In the data that follows, find the line with "b. Sum these"; transcribe it, every later line up to the one with "Answer: Mean: 86.8, Standard Deviation: 5.37", and that line as well, exactly and with no others.
Top of RECORDS
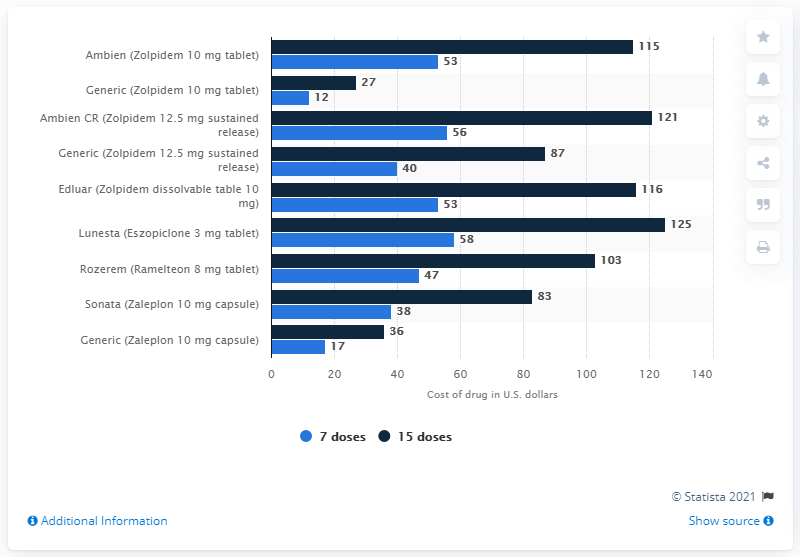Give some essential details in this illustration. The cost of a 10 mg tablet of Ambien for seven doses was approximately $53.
Bottom of RECORDS
Top of RECORDS
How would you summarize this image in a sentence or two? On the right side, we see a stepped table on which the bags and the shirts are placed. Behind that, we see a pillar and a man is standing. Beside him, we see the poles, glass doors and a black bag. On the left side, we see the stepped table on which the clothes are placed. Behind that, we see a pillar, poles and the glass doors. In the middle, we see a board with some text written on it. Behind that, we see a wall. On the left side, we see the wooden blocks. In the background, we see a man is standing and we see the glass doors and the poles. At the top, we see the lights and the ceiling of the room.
Bottom of RECORDS
Top of RECORDS
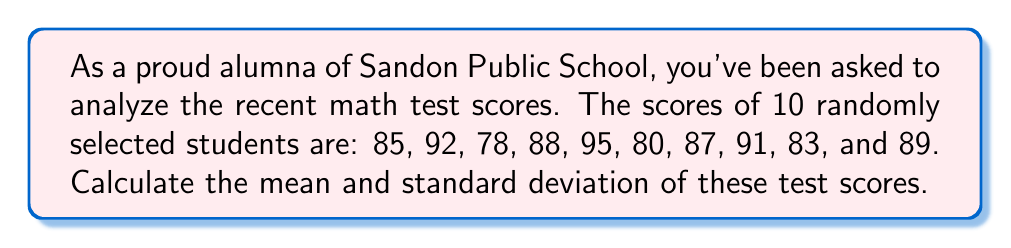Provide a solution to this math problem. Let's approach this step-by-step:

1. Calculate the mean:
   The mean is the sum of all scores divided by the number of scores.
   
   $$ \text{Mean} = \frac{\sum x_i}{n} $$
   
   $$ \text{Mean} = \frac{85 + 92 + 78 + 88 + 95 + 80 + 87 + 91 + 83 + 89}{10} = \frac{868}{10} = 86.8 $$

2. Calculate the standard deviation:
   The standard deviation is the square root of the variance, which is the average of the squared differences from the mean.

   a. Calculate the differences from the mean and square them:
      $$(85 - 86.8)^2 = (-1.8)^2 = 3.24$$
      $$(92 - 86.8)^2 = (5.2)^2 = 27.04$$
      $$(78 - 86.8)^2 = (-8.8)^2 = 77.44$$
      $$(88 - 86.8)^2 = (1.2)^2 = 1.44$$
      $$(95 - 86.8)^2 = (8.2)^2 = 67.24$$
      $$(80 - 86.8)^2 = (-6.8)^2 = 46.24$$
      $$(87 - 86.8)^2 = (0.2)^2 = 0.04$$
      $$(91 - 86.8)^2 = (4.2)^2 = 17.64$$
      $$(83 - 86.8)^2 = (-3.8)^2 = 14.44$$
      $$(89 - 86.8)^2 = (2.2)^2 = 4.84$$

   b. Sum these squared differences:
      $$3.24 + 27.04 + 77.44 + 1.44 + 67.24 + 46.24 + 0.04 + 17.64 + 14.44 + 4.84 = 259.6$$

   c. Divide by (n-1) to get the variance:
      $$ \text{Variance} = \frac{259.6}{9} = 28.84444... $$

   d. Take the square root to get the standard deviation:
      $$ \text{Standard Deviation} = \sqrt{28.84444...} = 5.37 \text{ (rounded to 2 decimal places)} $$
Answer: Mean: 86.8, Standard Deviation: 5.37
Bottom of RECORDS
* TASK RESPONSE *
   b. Sum these squared differences:
      $$3.24 + 27.04 + 77.44 + 1.44 + 67.24 + 46.24 + 0.04 + 17.64 + 14.44 + 4.84 = 259.6$$

   c. Divide by (n-1) to get the variance:
      $$ \text{Variance} = \frac{259.6}{9} = 28.84444... $$

   d. Take the square root to get the standard deviation:
      $$ \text{Standard Deviation} = \sqrt{28.84444...} = 5.37 \text{ (rounded to 2 decimal places)} $$
Answer: Mean: 86.8, Standard Deviation: 5.37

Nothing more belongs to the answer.